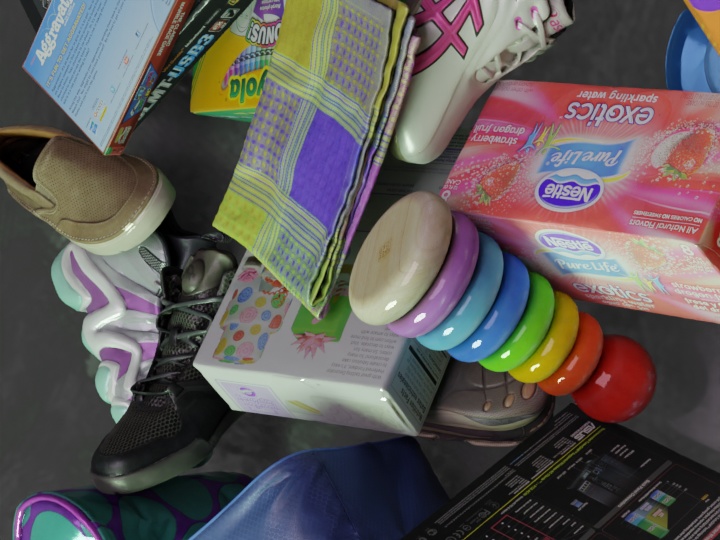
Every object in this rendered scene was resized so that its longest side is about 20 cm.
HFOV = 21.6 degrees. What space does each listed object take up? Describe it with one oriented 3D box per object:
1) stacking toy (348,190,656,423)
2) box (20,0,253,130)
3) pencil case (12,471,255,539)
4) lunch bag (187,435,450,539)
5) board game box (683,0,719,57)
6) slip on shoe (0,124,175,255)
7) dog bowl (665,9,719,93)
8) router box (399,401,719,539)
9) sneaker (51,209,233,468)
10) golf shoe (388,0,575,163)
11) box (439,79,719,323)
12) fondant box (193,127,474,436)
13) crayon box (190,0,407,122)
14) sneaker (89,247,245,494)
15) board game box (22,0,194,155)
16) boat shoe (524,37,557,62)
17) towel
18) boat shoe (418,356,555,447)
[{"bbox_3d":[0.094,0.035,1.119,0.085,0.200,0.085,-47,25,30],"label":"stacking toy"},{"bbox_3d":[-0.158,-0.228,1.286,0.198,0.050,0.200,-41,67,36],"label":"box"},{"bbox_3d":[-0.140,0.182,1.259,0.092,0.200,0.085,37,109,28],"label":"pencil case"},{"bbox_3d":[-0.012,0.196,1.178,0.136,0.200,0.132,-43,69,25],"label":"lunch bag"},{"bbox_3d":[0.294,-0.135,0.960,0.200,0.200,0.200,-34,87,17],"label":"board game box"},{"bbox_3d":[-0.206,-0.066,1.356,0.076,0.061,0.200,-54,37,-8],"label":"slip on shoe"},{"bbox_3d":[0.261,-0.161,1.114,0.111,0.050,0.200,32,104,29],"label":"dog bowl"},{"bbox_3d":[0.129,0.170,1.094,0.150,0.200,0.062,25,128,31],"label":"router box"},{"bbox_3d":[-0.131,0.028,1.333,0.140,0.078,0.200,-42,68,24],"label":"sneaker"},{"bbox_3d":[0.078,-0.152,1.131,0.092,0.073,0.200,26,92,31],"label":"golf shoe"},{"bbox_3d":[0.155,-0.041,1.104,0.200,0.095,0.103,11,66,45],"label":"box"},{"bbox_3d":[0.000,0.000,1.209,0.144,0.058,0.200,5,56,32],"label":"fondant box"},{"bbox_3d":[-0.037,-0.162,1.252,0.200,0.058,0.119,3,87,56],"label":"crayon box"},{"bbox_3d":[-0.118,0.058,1.239,0.076,0.199,0.114,3,124,42],"label":"sneaker"},{"bbox_3d":[-0.154,-0.186,1.241,0.103,0.019,0.200,45,121,26],"label":"board game box"},{"bbox_3d":[0.095,-0.164,1.204,0.069,0.071,0.200,47,110,27],"label":"boat shoe"},{"bbox_3d":[-0.030,-0.089,1.159,0.144,0.023,0.200,42,119,49],"label":"towel"},{"bbox_3d":[0.033,0.080,1.221,0.200,0.073,0.075,12,60,30],"label":"boat shoe"}]
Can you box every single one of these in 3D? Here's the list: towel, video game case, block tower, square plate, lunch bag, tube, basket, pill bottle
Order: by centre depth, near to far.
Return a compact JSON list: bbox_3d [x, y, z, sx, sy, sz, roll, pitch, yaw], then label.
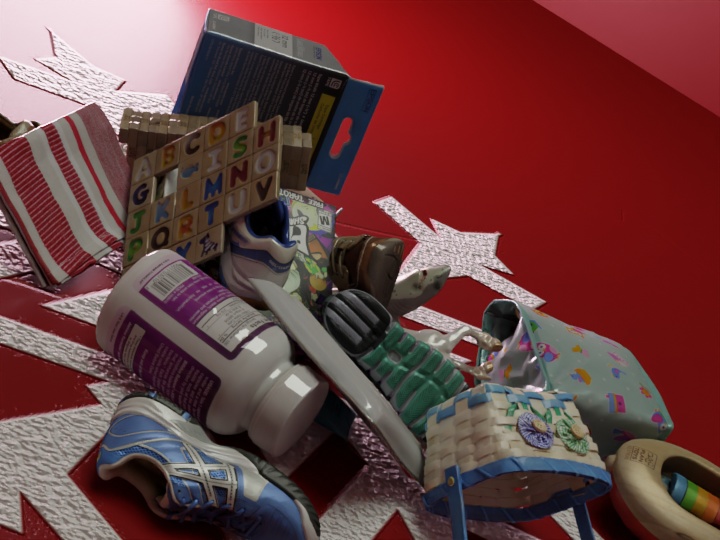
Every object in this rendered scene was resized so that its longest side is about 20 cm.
[{"bbox_3d":[-0.131,0.077,1.552,0.200,0.112,0.112,35,23,15],"label":"pill bottle"},{"bbox_3d":[0.143,0.208,1.579,0.176,0.139,0.200,9,65,-41],"label":"basket"},{"bbox_3d":[-0.011,0.103,1.601,0.200,0.028,0.198,48,-3,30],"label":"square plate"},{"bbox_3d":[-0.088,0.092,1.657,0.200,0.050,0.077,36,21,-5],"label":"tube"},{"bbox_3d":[-0.283,-0.077,1.699,0.144,0.023,0.200,63,31,-8],"label":"towel"},{"bbox_3d":[-0.121,-0.015,1.757,0.200,0.036,0.181,19,54,-23],"label":"video game case"},{"bbox_3d":[-0.154,-0.127,1.816,0.200,0.058,0.054,7,28,-6],"label":"block tower"},{"bbox_3d":[0.219,0.122,1.856,0.170,0.122,0.200,18,30,-22],"label":"lunch bag"}]

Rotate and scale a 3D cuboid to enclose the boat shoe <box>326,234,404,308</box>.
[{"bbox_3d":[0.000,0.000,1.721,0.072,0.076,0.200,20,-9,3],"label":"boat shoe"}]

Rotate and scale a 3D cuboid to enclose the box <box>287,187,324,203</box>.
[{"bbox_3d":[-0.142,-0.092,1.929,0.200,0.095,0.078,43,27,29],"label":"box"}]

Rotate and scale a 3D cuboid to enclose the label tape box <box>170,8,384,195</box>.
[{"bbox_3d":[-0.093,-0.180,1.857,0.200,0.143,0.066,16,30,-14],"label":"label tape box"}]

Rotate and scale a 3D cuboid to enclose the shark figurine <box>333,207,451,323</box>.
[{"bbox_3d":[0.010,0.026,1.908,0.214,0.128,0.089,28,-11,49],"label":"shark figurine"}]

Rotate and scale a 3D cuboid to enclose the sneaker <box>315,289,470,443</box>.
[{"bbox_3d":[0.037,0.092,1.681,0.200,0.074,0.088,50,-8,-14],"label":"sneaker"}]

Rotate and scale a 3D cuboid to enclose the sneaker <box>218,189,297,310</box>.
[{"bbox_3d":[-0.104,-0.053,1.680,0.075,0.088,0.200,12,35,-34],"label":"sneaker"}]

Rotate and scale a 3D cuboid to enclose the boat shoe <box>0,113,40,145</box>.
[{"bbox_3d":[-0.346,-0.115,1.734,0.200,0.072,0.076,31,22,-13],"label":"boat shoe"}]

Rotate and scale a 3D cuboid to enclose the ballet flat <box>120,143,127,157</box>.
[{"bbox_3d":[-0.227,-0.083,1.850,0.072,0.072,0.200,7,30,-42],"label":"ballet flat"}]

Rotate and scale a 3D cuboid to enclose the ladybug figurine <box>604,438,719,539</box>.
[{"bbox_3d":[0.330,0.248,1.756,0.200,0.072,0.136,33,36,-1],"label":"ladybug figurine"}]

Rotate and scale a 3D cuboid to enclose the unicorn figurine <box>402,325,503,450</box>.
[{"bbox_3d":[0.076,0.104,1.754,0.137,0.074,0.200,7,41,-17],"label":"unicorn figurine"}]

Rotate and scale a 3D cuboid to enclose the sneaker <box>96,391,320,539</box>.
[{"bbox_3d":[-0.126,0.182,1.408,0.200,0.076,0.077,29,45,2],"label":"sneaker"}]

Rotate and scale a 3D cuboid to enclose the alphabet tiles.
[{"bbox_3d":[-0.155,-0.075,1.678,0.008,0.200,0.167,36,43,-41],"label":"alphabet tiles"}]
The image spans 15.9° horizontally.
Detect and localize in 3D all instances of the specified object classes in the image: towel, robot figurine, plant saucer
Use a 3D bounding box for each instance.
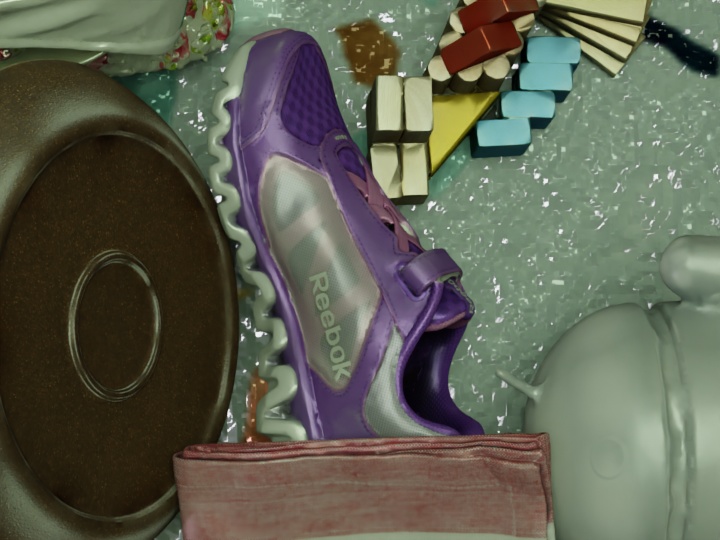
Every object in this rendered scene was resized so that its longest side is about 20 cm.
[{"bbox_3d":[0.008,0.161,0.986,0.144,0.023,0.200,-3,101,8],"label":"towel"},{"bbox_3d":[0.150,0.068,1.010,0.200,0.113,0.170,-1,105,-5],"label":"robot figurine"},{"bbox_3d":[-0.101,0.021,0.965,0.032,0.200,0.201,0,79,32],"label":"plant saucer"}]

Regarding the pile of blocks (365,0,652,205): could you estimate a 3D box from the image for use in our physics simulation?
[{"bbox_3d":[0.073,-0.104,1.057,0.082,0.062,0.200,35,80,1],"label":"pile of blocks"}]

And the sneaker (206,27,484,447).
[{"bbox_3d":[0.000,0.000,1.013,0.088,0.080,0.201,-13,86,27],"label":"sneaker"}]

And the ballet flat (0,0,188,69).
[{"bbox_3d":[-0.161,-0.098,0.987,0.200,0.069,0.070,-3,81,3],"label":"ballet flat"}]

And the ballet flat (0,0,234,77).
[{"bbox_3d":[-0.149,-0.119,1.035,0.200,0.064,0.076,4,60,-5],"label":"ballet flat"}]
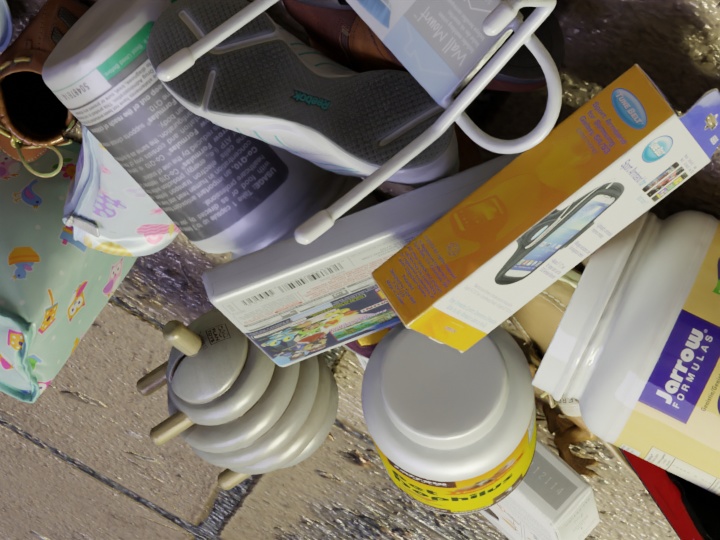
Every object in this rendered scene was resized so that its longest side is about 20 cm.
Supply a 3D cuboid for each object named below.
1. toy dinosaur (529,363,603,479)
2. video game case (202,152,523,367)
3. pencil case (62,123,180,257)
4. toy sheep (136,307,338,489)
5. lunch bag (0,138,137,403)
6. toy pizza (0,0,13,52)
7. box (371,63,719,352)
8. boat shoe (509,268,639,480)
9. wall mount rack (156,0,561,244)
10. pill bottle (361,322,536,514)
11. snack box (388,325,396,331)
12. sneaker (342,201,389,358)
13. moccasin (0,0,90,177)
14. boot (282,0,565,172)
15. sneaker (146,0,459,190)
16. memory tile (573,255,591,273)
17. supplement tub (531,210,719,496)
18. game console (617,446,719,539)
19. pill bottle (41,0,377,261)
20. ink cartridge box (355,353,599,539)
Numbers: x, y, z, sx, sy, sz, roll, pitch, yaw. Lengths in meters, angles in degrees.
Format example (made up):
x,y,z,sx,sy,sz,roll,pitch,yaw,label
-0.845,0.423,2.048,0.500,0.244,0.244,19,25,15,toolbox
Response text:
x,y,z,sx,sy,sz,roll,pitch,yaw,label
0.146,0.087,1.607,0.199,0.061,0.107,16,132,12,toy dinosaur
0.022,-0.005,1.330,0.199,0.023,0.182,-22,163,5,video game case
-0.151,-0.080,1.539,0.090,0.084,0.200,-12,162,-16,pencil case
-0.091,0.091,1.765,0.137,0.139,0.200,10,163,36,toy sheep
-0.283,-0.024,1.695,0.199,0.171,0.122,22,148,15,lunch bag
-0.312,-0.212,1.523,0.199,0.032,0.200,25,157,11,toy pizza
0.107,-0.037,1.223,0.042,0.200,0.119,52,-172,17,box
0.151,0.066,1.480,0.200,0.067,0.074,42,153,-25,boat shoe
0.000,-0.119,1.172,0.200,0.074,0.174,50,117,14,wall mount rack
0.058,0.089,1.477,0.109,0.110,0.200,24,168,11,pill bottle
0.044,0.001,1.470,0.024,0.072,0.200,53,174,20,snack box
0.000,0.000,1.548,0.200,0.075,0.090,41,160,-27,sneaker
-0.218,-0.113,1.557,0.073,0.078,0.201,33,156,-14,moccasin
0.041,-0.103,1.303,0.187,0.069,0.200,18,155,22,boot
-0.033,-0.090,1.288,0.200,0.071,0.080,26,169,21,sneaker
0.181,0.025,1.470,0.200,0.017,0.153,39,155,-20,memory tile
0.214,0.054,1.326,0.199,0.146,0.146,25,157,5,supplement tub
0.258,0.138,1.402,0.199,0.177,0.031,11,119,-23,game console
-0.088,-0.084,1.395,0.200,0.113,0.113,48,151,-18,pill bottle
0.088,0.132,1.680,0.200,0.045,0.176,42,170,20,ink cartridge box
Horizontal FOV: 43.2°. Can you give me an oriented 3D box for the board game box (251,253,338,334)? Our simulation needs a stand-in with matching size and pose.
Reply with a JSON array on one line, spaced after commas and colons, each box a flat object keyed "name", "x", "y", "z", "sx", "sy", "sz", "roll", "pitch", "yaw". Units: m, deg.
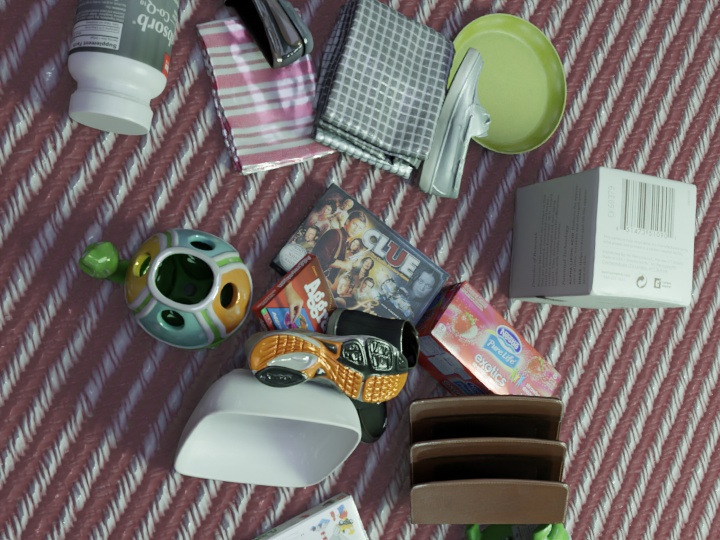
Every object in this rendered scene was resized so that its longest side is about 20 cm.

########

◆ **EXERCISE INSTRUCTIONS**:
Since only part of the listing is wanted, copy exactly the lines from the one holding "Can you box" to the one holding "Order: by centre depth, near to far.", both included.

◆ **SOLUTION TO THIS EXERCISE**:
Can you box every single one of these in 3D? Here's the list: towel, video game case, block tower, square plate, lunch bag, tube, basket, pill bottle
Order: by centre depth, near to far.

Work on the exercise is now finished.